Aditya Gandhi, Pomona College

Usually, the word "revolution" refers to a rebellion against a single person, or a small group of people—in other words, someone who hears the word will think that a king or an aristocracy is abusing its power. This is actually what happened in France during the French Revolution, which was aimed at erasing the inequality imposed by the existence of a nobility. Similarly, when we talk about "tradition" we often think of a section of the nobles drinking tea in a very polite and old-fashioned way. But when we talk about twentieth-century France, we have to remember that the bourgeoisie had most of the power—a consequence, in fact, of the French Revolution. This bourgeoisie was not distinguished by birth and it constituted a large number of people. There were nevertheless ideological revolts against this new tradition instituted by the bourgeoisie, a very capitalist tradition that depended on the activity of the workers. In the twentieth century, therefore, many people protested the status quo of this bourgeois culture. They questioned not only the values ​​of such a society, but also its literature, which they consciously or unconsciously thought about.

In the twentieth century, the French could not really protest against any economic misfortune, for France was then enjoying a wave of prosperity.[1] Other aspects of French society deserved the people's condemnation, however. Perhaps the most serious problem was imperialism, because of which France was at that time involved in many wars.[2] And, as Lenin's famous quote indicates, imperialism is the highest stage of capitalism. Since the bourgeoisie had ruled France since the French Revolution in the eighteenth century—and since the nineteenth century was a golden age for the bourgeoisie—the twentieth century was the product of the bourgeois.[3] The bourgeoisie itself associated itself with the established Church, an essential phenomenon of an authority figure throughout history.[4] The tradition against which a malcontent would protest, then, was that of the bourgeoisie rather than that of the "old nobility of the sword."[5] In addition to the wars that France was waging at this time, and despite its economic boom, the workers were suffering. According to Anwar Youssef, while many people who made up the bourgeoisie "dominated the social edifice...the mass of workers and the people lived in the blackest misery."[6] The proletariat therefore desired an upheaval of the status quo. We see some of their rebellions in the twentieth century, such as those of the socialist organ "Worker of the Oise" and even the rise to power of the French Communist Party.[7] The twentieth century was in a sense a century of revolt, a reaction against the nineteenth century.

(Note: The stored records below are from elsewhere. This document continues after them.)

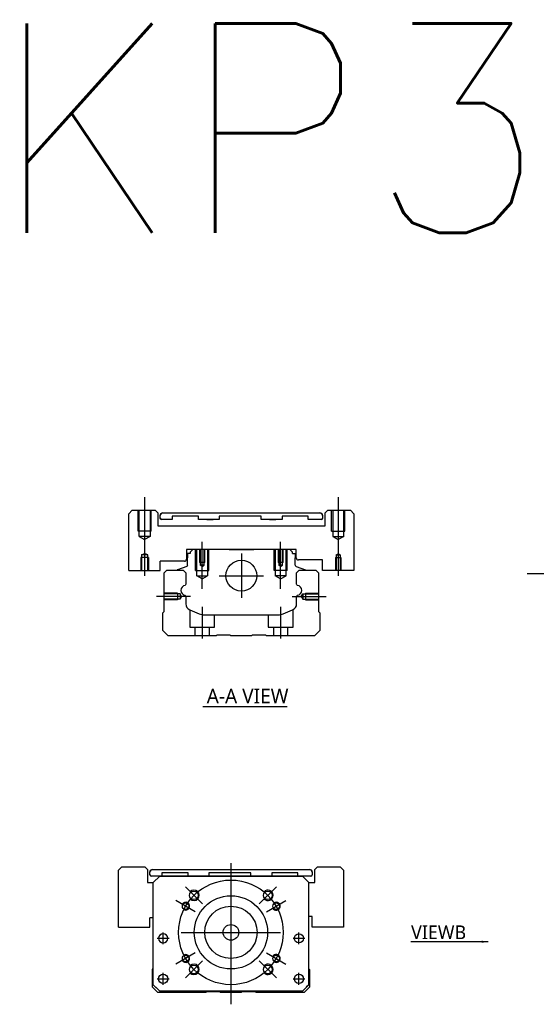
# Model space of a CAD drawing. Header units: millimetres. Extents: x -257 to 3135, y -1556 to 860.
# Tile 17 of 40: x -257 to -59, y -260 to 117. Entities that reach past the tile are written whole.
import ezdxf
from ezdxf.lldxf.tags import DXFTag

# ---------------------------------------------------------------- set-up
doc = ezdxf.new("R2010")
doc.units = ezdxf.units.MM
doc.layers.get('0').update_dxf_attribs({"linetype": 'CONTINUOUS'})
doc.styles.add('CHN', font='Microsoft JhengHei.ttf')
doc.styles.add('DIM-7', font='SIMPLEX.shx', dxfattribs={"width": 0.7, "bigfont": 'chineset.shx'})
doc.styles.get("Standard").update_dxf_attribs({"font": 'txt.shx', "height": 0.5})
tags = doc.linetypes.add('DASHED', pattern=[25.72, 12.86, -12.86]).pattern_tags.tags
tags[6:7] = [DXFTag(74, 4), DXFTag(75, 0), DXFTag(340, '0'), DXFTag(46, 0.0), DXFTag(50, 0.0), DXFTag(44, 0.0), DXFTag(45, 0.0)]
tags[4:5] = [DXFTag(74, 4), DXFTag(75, 0), DXFTag(340, '0'), DXFTag(46, 0.0), DXFTag(50, 0.0), DXFTag(44, 0.0), DXFTag(45, 0.0)]
doc.dimstyles.new('CNS', dxfattribs={"dimtxt": 3.5, "dimasz": 2.5, "dimexe": 1, "dimexo": 1, "dimgap": 1, "dimtad": 1, "dimdsep": 46, "dimtxsty": 'DIM-7', "dimcen": 0.09, "dimclrd": 4, "dimclre": 4, "dimclrt": 1, "dimadec": 0, "dimazin": 0, "dimtfac": 1, "dimtmove": 0, "dimatfit": 3, "dimfxl": 1, "dimtvp": 0.971429, "dimtolj": 1, "dimarcsym": 0})

msp = doc.modelspace()

# ---------------------------------------------------------------- linework, layer by layer
at = {"ltscale": 0.1}
for p, q in [((-209.1, -65.83), (-209.1, -95.88)), ((-135.1, -65.83), (-135.1, -95.88)), ((-187.1, -100.83), (-187.1, -82.83)), ((-157.1, -100.83), (-157.1, -82.83)), ((-191.56, -103.78), (-204.56, -103.78)), ((-152.65, -103.78), (-139.65, -103.78)), ((-187.1, -107.78), (-187.1, -119.78)), ((-157.1, -107.78), (-157.1, -119.78))]:
    msp.add_line(p, q, dxfattribs=at)
at = {"linetype": 'Continuous'}
for p, q in [((-213.81, -70.83), (-215.1, -72.13)), ((-213.81, -70.83), (-205.1, -70.83)), ((-204.1, -71.83), (-205.1, -70.83)), ((-139.1, -70.83), (-140.1, -71.83)), ((-139.1, -70.83), (-130.4, -70.83)), ((-129.1, -72.13), (-130.4, -70.83)), ((-204.1, -71.83), (-204.1, -76.83)), ((-203.1, -73.83), (-203.1, -72.83)), ((-203.1, -72.83), (-203.1, -72.83)), ((-198.54, -74.33), (-202.6, -74.33)), ((-198.54, -74.33), (-202.6, -74.33)), ((-202.1, -71.83), (-142.1, -71.83)), ((-202.1, -71.83), (-142.1, -71.83)), ((-198.54, -73.13), (-198.54, -74.33)), ((-198.54, -73.13), (-198.54, -73.13)), ((-188.54, -73.13), (-198.54, -73.13)), ((-188.54, -73.13), (-198.54, -73.13)), ((-188.54, -74.33), (-188.54, -73.13)), ((-188.54, -73.13), (-188.54, -73.13)), ((-180.54, -74.33), (-188.54, -74.33)), ((-180.54, -74.33), (-188.54, -74.33)), ((-185.33, -71.83), (-185.33, -71.83)), ((-185.33, -71.83), (-182.88, -71.83)), ((-185.33, -71.83), (-182.88, -71.83)), ((-185.33, -74.33), (-182.88, -74.33)), ((-182.88, -71.83), (-182.88, -71.83)), ((-182.88, -74.33), (-182.88, -74.33)), ((-180.54, -73.13), (-180.54, -74.33)), ((-180.54, -73.13), (-180.54, -73.13)), ((-164.54, -73.13), (-180.54, -73.13)), ((-164.54, -73.13), (-180.54, -73.13)), ((-164.54, -74.33), (-164.54, -73.13)), ((-164.54, -73.13), (-164.54, -73.13)), ((-156.54, -74.33), (-164.54, -74.33)), ((-156.54, -74.33), (-164.54, -74.33)), ((-161.33, -71.83), (-161.33, -71.83)), ((-161.33, -71.83), (-158.88, -71.83)), ((-161.33, -71.83), (-158.88, -71.83)), ((-161.33, -74.33), (-158.88, -74.33)), ((-158.88, -71.83), (-158.88, -71.83)), ((-158.88, -74.33), (-158.88, -74.33)), ((-156.54, -73.13), (-156.54, -74.33)), ((-156.54, -73.13), (-156.54, -73.13)), ((-146.54, -73.13), (-156.54, -73.13)), ((-146.54, -73.13), (-156.54, -73.13)), ((-146.54, -74.33), (-146.54, -73.13)), ((-146.54, -73.13), (-146.54, -73.13)), ((-141.6, -74.33), (-146.54, -74.33)), ((-141.6, -74.33), (-146.54, -74.33)), ((-141.1, -72.83), (-141.1, -73.83)), ((-141.1, -72.83), (-141.1, -72.83)), ((-140.1, -76.83), (-140.1, -71.83)), ((-129.1, -72.13), (-129.1, -93.83)), ((-204.1, -76.83), (-140.1, -76.83)), ((-151.1, -85.83), (-193.1, -85.83)), ((-193.1, -85.83), (-193.1, -89.53)), ((-190.68, -85.83), (-191.68, -86.83)), ((-182.8, -85.83), (-190.68, -85.83)), ((-176.8, -85.83), (-167.4, -85.83)), ((-153.53, -85.83), (-161.4, -85.83)), ((-152.53, -86.83), (-153.53, -85.83)), ((-151.1, -89.03), (-151.1, -85.83)), ((-192.68, -87.33), (-192.68, -89.03)), ((-191.68, -87.33), (-192.68, -87.33)), ((-192.68, -91.83), (-192.68, -89.03)), ((-191.68, -86.83), (-191.68, -87.33)), ((-152.53, -87.33), (-152.53, -86.83)), ((-152.53, -87.33), (-151.53, -87.33)), ((-151.53, -87.33), (-151.53, -89.03)), ((-151.53, -91.83), (-151.53, -89.03)), ((-141.1, -89.83), (-150.3, -89.83)), ((-141.1, -93.83), (-141.1, -89.83)), ((-203.15, -93.88), (-203.1, -93.83)), ((-193.9, -90.33), (-203.1, -90.33)), ((-203.1, -93.83), (-203.1, -90.33)), ((-201.65, -94.78), (-200.65, -93.78)), ((-200.65, -93.78), (-194.33, -93.78)), ((-196.71, -93.76), (-196.72, -93.78)), ((-193.01, -92.3), (-196.58, -93.6)), ((-194.33, -93.78), (-193.33, -94.78)), ((-151.2, -92.3), (-147.63, -93.6)), ((-150.98, -94.78), (-149.98, -93.78)), ((-149.98, -93.78), (-143.65, -93.78)), ((-147.5, -93.76), (-147.49, -93.78)), ((-143.65, -93.78), (-142.65, -94.78)), ((-141.1, -93.83), (-141.06, -93.88)), ((-129.15, -93.88), (-141.06, -93.88)), ((-129.15, -93.88), (-129.1, -93.83)), ((-201.65, -109.48), (-201.65, -94.78)), ((-193.33, -94.78), (-193.33, -99.06)), ((-150.98, -99.06), (-150.98, -94.78)), ((-142.65, -94.78), (-142.65, -109.48)), ((-193.33, -103.8), (-193.33, -106.62)), ((-150.98, -106.62), (-150.98, -103.8)), ((-191.78, -108.92), (-188.22, -110.4)), ((-156.08, -110.4), (-152.52, -108.92)), ((-202.15, -109.98), (-201.65, -109.48)), ((-202.15, -116.78), (-202.15, -109.98)), ((-186.31, -110.78), (-158, -110.78)), ((-142.65, -109.48), (-142.15, -109.98)), ((-142.15, -109.98), (-142.15, -116.78)), ((-200.15, -118.78), (-202.15, -116.78)), ((-181.8, -118.78), (-200.15, -118.78)), ((-181.45, -118.53), (-181.8, -118.78)), ((-176.45, -118.53), (-181.45, -118.53)), ((-176.1, -118.78), (-176.45, -118.53)), ((-168.2, -118.78), (-176.1, -118.78)), ((-167.85, -118.53), (-168.2, -118.78)), ((-162.85, -118.53), (-167.85, -118.53)), ((-162.5, -118.78), (-162.85, -118.53)), ((-144.15, -118.78), (-162.5, -118.78)), ((-142.15, -116.78), (-144.15, -118.78)), ((-217.76, -207.14), (-219.05, -208.43)), ((-219.05, -230.14), (-219.05, -208.43)), ((-217.76, -207.14), (-209.05, -207.14)), ((-208.05, -208.14), (-209.05, -207.14)), ((-208.05, -208.14), (-208.05, -213.14)), ((-207.05, -209.14), (-207.05, -209.14)), ((-207.05, -210.14), (-207.05, -209.14)), ((-203.3, -210.64), (-206.55, -210.64)), ((-206.05, -208.14), (-146.05, -208.14)), ((-206.05, -208.14), (-146.05, -208.14)), ((-205.8, -213.14), (-203.3, -210.64)), ((-203.3, -210.64), (-205.8, -213.14)), ((-203.3, -210.64), (-148.8, -210.64)), ((-148.8, -210.64), (-203.3, -210.64)), ((-148.8, -210.64), (-203.3, -210.64)), ((-202.49, -209.44), (-202.49, -210.64)), ((-192.49, -209.44), (-202.49, -209.44)), ((-192.49, -210.64), (-192.49, -209.44)), ((-184.49, -209.44), (-184.49, -210.64)), ((-168.49, -209.44), (-184.49, -209.44)), ((-168.49, -210.64), (-168.49, -209.44)), ((-160.49, -209.44), (-160.49, -210.64)), ((-150.49, -209.44), (-160.49, -209.44)), ((-150.49, -210.64), (-150.49, -209.44)), ((-145.55, -210.64), (-150.49, -210.64)), ((-148.8, -210.64), (-146.3, -213.14)), ((-146.3, -213.14), (-148.8, -210.64)), ((-145.05, -209.14), (-145.05, -209.14)), ((-145.05, -209.14), (-145.05, -210.14)), ((-143.05, -207.14), (-144.05, -208.14)), ((-144.05, -213.14), (-144.05, -208.14)), ((-143.05, -207.14), (-134.35, -207.14)), ((-133.05, -208.43), (-134.35, -207.14)), ((-133.05, -208.43), (-133.05, -230.14)), ((-208.05, -213.14), (-205.8, -213.14)), ((-205.8, -252.14), (-205.8, -213.14)), ((-146.31, -213.14), (-144.05, -213.14)), ((-146.3, -252.14), (-146.3, -213.14)), ((-207.05, -230.14), (-207.05, -226.64)), ((-205.8, -226.64), (-207.05, -226.64)), ((-145.06, -226.14), (-146.3, -226.14)), ((-145.06, -230.14), (-145.06, -226.14)), ((-219.05, -230.14), (-219.01, -230.18)), ((-219.01, -230.18), (-207.1, -230.18)), ((-207.1, -230.18), (-207.05, -230.14)), ((-145.06, -230.14), (-145.01, -230.18)), ((-133.1, -230.18), (-145.01, -230.18)), ((-133.1, -230.18), (-133.05, -230.14)), ((-206.1, -246.29), (-205.8, -245.99)), ((-206.1, -253.09), (-206.1, -246.29)), ((-146.3, -246.09), (-146.1, -246.29)), ((-146.1, -246.29), (-146.1, -253.09)), ((-204.1, -255.09), (-206.1, -253.09)), ((-205.8, -252.14), (-203.3, -254.64)), ((-203.3, -254.64), (-204.8, -253.14)), ((-185.75, -255.09), (-204.1, -255.09)), ((-203.3, -254.64), (-203.3, -254.64)), ((-148.8, -254.64), (-203.3, -254.64)), ((-148.8, -254.64), (-203.3, -254.64)), ((-185.4, -254.84), (-185.75, -255.09)), ((-180.4, -254.84), (-185.4, -254.84)), ((-180.05, -255.09), (-180.4, -254.84)), ((-172.15, -255.09), (-180.05, -255.09)), ((-171.8, -254.84), (-172.15, -255.09)), ((-166.8, -254.84), (-171.8, -254.84)), ((-166.45, -255.09), (-166.8, -254.84)), ((-148.1, -255.09), (-166.45, -255.09)), ((-148.8, -254.64), (-146.3, -252.14)), ((-146.1, -253.09), (-148.1, -255.09))]:
    msp.add_line(p, q, dxfattribs=at)
at = {"linetype": 'DASHED', "ltscale": 0.3}
for p, q in [((-211.6, -78.83), (-211.6, -70.83)), ((-211.2, -80.83), (-211.2, -70.83)), ((-207, -70.83), (-207, -80.83)), ((-206.6, -78.83), (-206.6, -70.83)), ((-137.6, -78.83), (-137.6, -70.83)), ((-137.2, -70.83), (-137.2, -80.83)), ((-133, -80.83), (-133, -70.83)), ((-132.6, -78.83), (-132.6, -70.83)), ((-206.6, -78.83), (-211.6, -78.83)), ((-137.6, -78.83), (-132.6, -78.83)), ((-207, -80.83), (-211.2, -80.83)), ((-211.2, -80.83), (-209.1, -82.04)), ((-207, -80.83), (-209.1, -82.04)), ((-137.2, -80.83), (-133, -80.83)), ((-137.2, -80.83), (-135.1, -82.04)), ((-133, -80.83), (-135.1, -82.04))]:
    msp.add_line(p, q, dxfattribs=at)
for p, q in [((-215.1, -93.83), (-215.1, -72.13)), ((-215.1, -93.83), (-215.06, -93.88)), ((-215.06, -93.88), (-203.15, -93.88)), ((-62.86, -94.99), (80.43, -94.99)), ((-186.86, -145.77), (-154.62, -145.77)), ((-204.24, -234.39), (-199.74, -234.39)), ((-204.24, -234.39), (-199.74, -234.39)), ((-152.37, -234.39), (-147.87, -234.39)), ((-152.37, -234.39), (-147.87, -234.39)), ((-204.24, -249.89), (-199.74, -249.89)), ((-204.24, -249.89), (-199.74, -249.89)), ((-152.37, -249.89), (-147.87, -249.89)), ((-152.37, -249.89), (-147.87, -249.89))]:
    msp.add_line(p, q)
at = {"linetype": 'DASHED', "ltscale": 0.1}
for p, q in [((-189.6, -93.83), (-189.6, -85.83)), ((-189.17, -95.83), (-189.17, -85.83)), ((-188.1, -85.83), (-188.1, -90.83)), ((-187.84, -85.83), (-187.84, -91.83)), ((-186.36, -91.83), (-186.36, -85.83)), ((-186.1, -90.83), (-186.1, -85.83)), ((-185.04, -85.83), (-185.04, -95.83)), ((-184.6, -93.83), (-184.6, -85.83)), ((-159.6, -93.83), (-159.6, -85.83)), ((-159.17, -85.83), (-159.17, -95.83)), ((-158.1, -85.83), (-158.1, -90.83)), ((-157.84, -85.83), (-157.84, -91.83)), ((-156.36, -91.83), (-156.36, -85.83)), ((-156.1, -90.83), (-156.1, -85.83)), ((-155.04, -95.83), (-155.04, -85.83)), ((-154.6, -93.83), (-154.6, -85.83)), ((-207.6, -88.88), (-210.6, -88.88)), ((-210.6, -88.88), (-210.6, -93.88)), ((-210.28, -87.88), (-209.1, -87.31)), ((-210.28, -87.88), (-210.28, -93.88)), ((-207.93, -87.88), (-210.28, -87.88)), ((-207.93, -87.88), (-209.1, -87.31)), ((-207.93, -93.88), (-207.93, -87.88)), ((-207.6, -88.88), (-207.6, -93.88)), ((-136.1, -88.88), (-134.1, -88.88)), ((-136.1, -88.88), (-136.1, -93.88)), ((-135.84, -87.88), (-135.1, -87.45)), ((-135.84, -87.88), (-134.36, -87.88)), ((-135.84, -87.88), (-135.84, -93.88)), ((-134.36, -87.88), (-135.1, -87.45)), ((-134.36, -87.88), (-134.36, -93.88)), ((-134.1, -88.88), (-134.1, -93.88)), ((-189.6, -93.83), (-184.6, -93.83)), ((-186.1, -90.83), (-188.1, -90.83)), ((-186.36, -91.83), (-187.84, -91.83)), ((-187.1, -92.26), (-187.84, -91.83)), ((-187.1, -92.26), (-186.36, -91.83)), ((-154.6, -93.83), (-159.6, -93.83)), ((-156.1, -90.83), (-158.1, -90.83)), ((-156.36, -91.83), (-157.84, -91.83)), ((-157.1, -92.26), (-157.84, -91.83)), ((-157.1, -92.26), (-156.36, -91.83)), ((-189.17, -95.83), (-185.04, -95.83)), ((-187.1, -97.03), (-189.17, -95.83)), ((-187.1, -97.03), (-185.04, -95.83)), ((-155.04, -95.83), (-159.17, -95.83)), ((-157.1, -97.03), (-159.17, -95.83)), ((-157.1, -97.03), (-155.04, -95.83)), ((-196.52, -102.48), (-201.52, -102.48)), ((-195.52, -102.78), (-201.52, -102.78)), ((-195.52, -104.79), (-201.52, -104.79)), ((-196.52, -105.08), (-201.52, -105.08)), ((-196.52, -102.48), (-196.52, -105.08)), ((-196.52, -104.86), (-196.52, -104.91)), ((-195.52, -102.78), (-195.52, -104.79)), ((-194.94, -103.78), (-195.52, -102.78)), ((-194.94, -103.78), (-195.52, -104.79)), ((-149.23, -103.78), (-148.65, -102.78)), ((-149.23, -103.78), (-148.65, -104.79)), ((-148.65, -102.78), (-148.65, -104.79)), ((-148.65, -102.78), (-142.65, -102.78)), ((-148.65, -104.79), (-142.65, -104.79)), ((-147.65, -102.48), (-147.65, -105.08)), ((-147.65, -102.48), (-142.65, -102.48)), ((-147.65, -104.86), (-147.65, -104.91)), ((-147.65, -105.08), (-142.65, -105.08)), ((-191.85, -108.91), (-191.85, -115.48)), ((-152.35, -115.48), (-152.35, -108.85)), ((-182.35, -115.48), (-182.35, -110.78)), ((-161.85, -110.78), (-161.85, -115.48)), ((-191.85, -115.48), (-182.35, -115.48)), ((-189.85, -115.48), (-189.85, -118.78)), ((-184.35, -118.78), (-184.35, -115.48)), ((-161.85, -115.48), (-152.35, -115.48)), ((-159.85, -115.48), (-159.85, -118.78)), ((-154.35, -118.78), (-154.35, -115.48))]:
    msp.add_line(p, q, dxfattribs=at)
at = {"ltscale": 0.3}
for p, q in [((-172.1, -87.33), (-172.1, -104.33)), ((-180.6, -95.83), (-163.6, -95.83)), ((-176.1, -205.64), (-176.1, -259.64)), ((-186.96, -221.28), (-193.53, -214.71)), ((-165.25, -221.28), (-158.67, -214.71)), ((-189.74, -224.26), (-197.11, -220.01)), ((-162.46, -224.26), (-155.1, -220.01)), ((-201.99, -236.64), (-201.99, -232.14)), ((-201.99, -236.64), (-201.99, -232.14)), ((-195.1, -232.14), (-157.1, -232.14)), ((-150.12, -236.64), (-150.12, -232.14)), ((-150.12, -236.64), (-150.12, -232.14)), ((-189.74, -240.01), (-197.11, -244.26)), ((-162.46, -240.01), (-155.1, -244.26)), ((-186.96, -242.99), (-193.53, -249.57)), ((-165.25, -242.99), (-158.67, -249.57)), ((-201.99, -252.14), (-201.99, -247.64)), ((-201.99, -252.14), (-201.99, -247.64)), ((-150.12, -252.14), (-150.12, -247.64)), ((-150.12, -252.14), (-150.12, -247.64))]:
    msp.add_line(p, q, dxfattribs=at)
at = {"linetype": 'DASHED'}
for p, q in [((-203.3, -210.64), (-203.3, -210.64)), ((-202.49, -209.44), (-202.49, -209.44)), ((-192.49, -209.44), (-192.49, -209.44)), ((-192.49, -210.64), (-192.49, -210.64)), ((-186.83, -210.64), (-189.28, -210.64)), ((-184.49, -209.44), (-184.49, -209.44)), ((-184.49, -210.64), (-184.49, -210.64)), ((-168.49, -209.44), (-168.49, -209.44)), ((-168.49, -210.64), (-168.49, -210.64)), ((-165.28, -210.64), (-162.83, -210.64)), ((-160.49, -209.44), (-160.49, -209.44)), ((-160.49, -210.64), (-160.49, -210.64)), ((-150.49, -209.44), (-150.49, -209.44)), ((-148.8, -210.64), (-148.8, -210.64)), ((-205.8, -213.14), (-205.8, -213.14)), ((-146.3, -213.14), (-146.3, -213.14)), ((-203.74, -234.39), (-203.74, -234.39)), ((-200.24, -234.39), (-200.24, -234.39)), ((-151.87, -234.39), (-151.87, -234.39)), ((-148.37, -234.39), (-148.37, -234.39)), ((-205.8, -237.64), (-205.8, -237.64)), ((-146.3, -237.64), (-146.3, -237.64)), ((-203.74, -249.89), (-203.74, -249.89)), ((-200.24, -249.89), (-200.24, -249.89)), ((-204.8, -253.14), (-204.8, -253.14)), ((-148.8, -254.64), (-148.8, -254.64)), ((-146.3, -252.14), (-147.3, -253.14)), ((-147.3, -253.14), (-147.3, -253.14))]:
    msp.add_line(p, q, dxfattribs=at)
at = {"linetype": 'Continuous'}
for centre, radius in [((-172.1, -95.83), 5.9), ((-190.25, -217.99), 1.65), ((-176.1, -232.14), 14), ((-161.96, -217.99), 1.65), ((-193.43, -222.14), 1.25), ((-158.78, -222.14), 1.25), ((-176.1, -232.14), 10), ((-176.1, -232.14), 3), ((-150.12, -234.39), 1.75), ((-193.43, -242.14), 1.25), ((-158.78, -242.14), 1.25), ((-201.99, -249.89), 1.75), ((-190.25, -246.28), 1.65), ((-161.96, -246.28), 1.65), ((-150.12, -249.89), 1.75)]:
    msp.add_circle(centre, radius, dxfattribs=at)
at = {"ltscale": 0.3}
msp.add_circle((-176.1, -232.14), 20, dxfattribs=at)
at = {"linetype": 'Continuous', "extrusion": (0, 0, -1)}
msp.add_circle((201.99, -234.39), 1.75, dxfattribs=at)
at = {"linetype": 'Continuous'}
for centre, radius, start, end in [((-202.1, -72.83), 1, 90, 180), ((-202.6, -73.83), 0.5, 180, 269.97), ((-142.1, -72.83), 1, 0, 90), ((-141.6, -73.83), 0.5, 270, 0), ((-193.9, -89.53), 0.8, 270, 0), ((-150.3, -89.03), 0.8, 180, 270), ((-196.51, -93.78), 0.2, 109.8983, 172.0917), ((-151.03, -91.83), 0.5, 180, 250.1017), ((-193.33, -101.43), 1.93, 99.5288, 260.4712), ((-150.97, -101.43), 1.93, 279.5288, 80.4712), ((-190.83, -106.62), 2.5, 180, 247.4572), ((-153.48, -106.62), 2.5, 292.5428, 0), ((-186.31, -105.78), 5, 247.4572, 270), ((-158, -105.78), 5, 270, 292.5428), ((-206.05, -209.14), 1, 90, 180), ((-206.55, -210.14), 0.5, 180, 269.97), ((-146.05, -209.14), 1, 0, 90), ((-145.55, -210.14), 0.5, 270, 0)]:
    msp.add_arc(centre, radius, start, end, dxfattribs=at)
at = {"linetype": 'Continuous', "extrusion": (0, 0, -1)}
for centre, radius, start, end in [((202.1, -72.83), 1, 0, 90), ((202.6, -73.83), 0.5, 270.03, 0), ((142.1, -72.83), 1, 90, 180), ((141.6, -73.83), 0.5, 180, 270), ((193.18, -91.83), 0.5, 180, 250.1017), ((147.69, -93.78), 0.2, 109.8983, 172.0917), ((193.83, -99.06), 0.5, 180, 249.8105), ((150.48, -99.06), 0.5, 290.1895, 0), ((193.83, -103.8), 0.5, 110.1895, 180), ((150.48, -103.8), 0.5, 0, 69.8105), ((206.05, -209.14), 1, 0, 90), ((146.05, -209.14), 1, 90, 180)]:
    msp.add_arc(centre, radius, start, end, dxfattribs=at)
for centre, radius, start, end in [((-190.25, -217.99), 2, 227.8658, 135), ((-161.96, -217.99), 2, 225, 137.8658), ((-193.43, -222.14), 1.5, 242.1491, 150), ((-158.78, -222.14), 1.5, 210, 122.1491), ((-193.43, -242.14), 1.5, 210, 117.8509), ((-158.78, -242.14), 1.5, 237.8509, 150), ((-190.25, -246.28), 2, 225, 132.134), ((-161.96, -246.28), 2, 222.1342, 135)]:
    msp.add_arc(centre, radius, start, end)

# ---------------------------------------------------------------- texts
at = {"insert": (-267.88, 115.24), "char_height": 80, "attachment_point": 1}
msp.add_mtext('KP33-N-C01', dxfattribs=at)
at = {"style": 'CHN'}
for s, insert, char_height, attachment_point in [('A-A VIEW', (-185.37, -141.83), 5.6, 4), ('VIEWB', (-86.19, -234.74), 5.25, 9)]:
    msp.add_mtext(s, dxfattribs=dict(at, insert=insert, char_height=char_height, attachment_point=attachment_point))

# ---------------------------------------------------------------- leaders
at = {"annotation_type": 0, "has_hookline": 1, "hookline_direction": 1, "text_width": 21.17}
msp.add_leader([(-77.75, -235.73), (-85.19, -235.74)], dimstyle='CNS', override={"dimgap": 1, "dimtad": 1}, dxfattribs=at)

doc.saveas('drawing.dxf')

This era of reaction also concerned literature. Roland Barthes wrote extensively on this subject. It is important to note that he himself was an anti-bourgeois and Marxist figure, hoping for an upheaval of the nineteenth-century order.[8] In his own words, he lamented the state of a "proletariat excluded from all culture."[9] He describes the dominant literature, the traditional novel, of the nineteenth century in his essay, "The Writing of the Novel." Such a novel is distinguished by its use of the past simple and the third person, two symbols indicating that one has entered the world of the novel. But these characteristics of literature are also for him symbols of a bourgeois order. After all, we understand thanks to Barthes that the novel of this era is not separate from society, because "it is society that imposes the Novel, that is to say, a complex of signs. »[10] These signs—the simple past, the third person, and the narrative—allow the reader to recognize a familiar world, the one in which he lives. Barthes writes that "the narrative past is therefore part of a security system of Belles-Lettres…an image of an order…one of these many formal pacts established between the writer and society."[11] Moreover, in his book Mythologies , Barthes writes in a similar way that bourgeois and imperialist rhetoric sinks unconsciously into language.[12] In "The Writing of the Novel" Barthes writes that "The Novel is a product characterized…[by] a certain mythology of the universal, specific to bourgeois society"; the nineteenth-century novel thus becomes intrinsically bourgeois, a product of the society of the time, and in reading it the bourgeois system seems to be natural, inseparable from reality.[13] In short, according to Barthes, the bourgeoisie uses literature to universalize its values.[14] Given Barthes' political convictions, we know that he ultimately wanted to fight against such a naturalization of the bourgeois order.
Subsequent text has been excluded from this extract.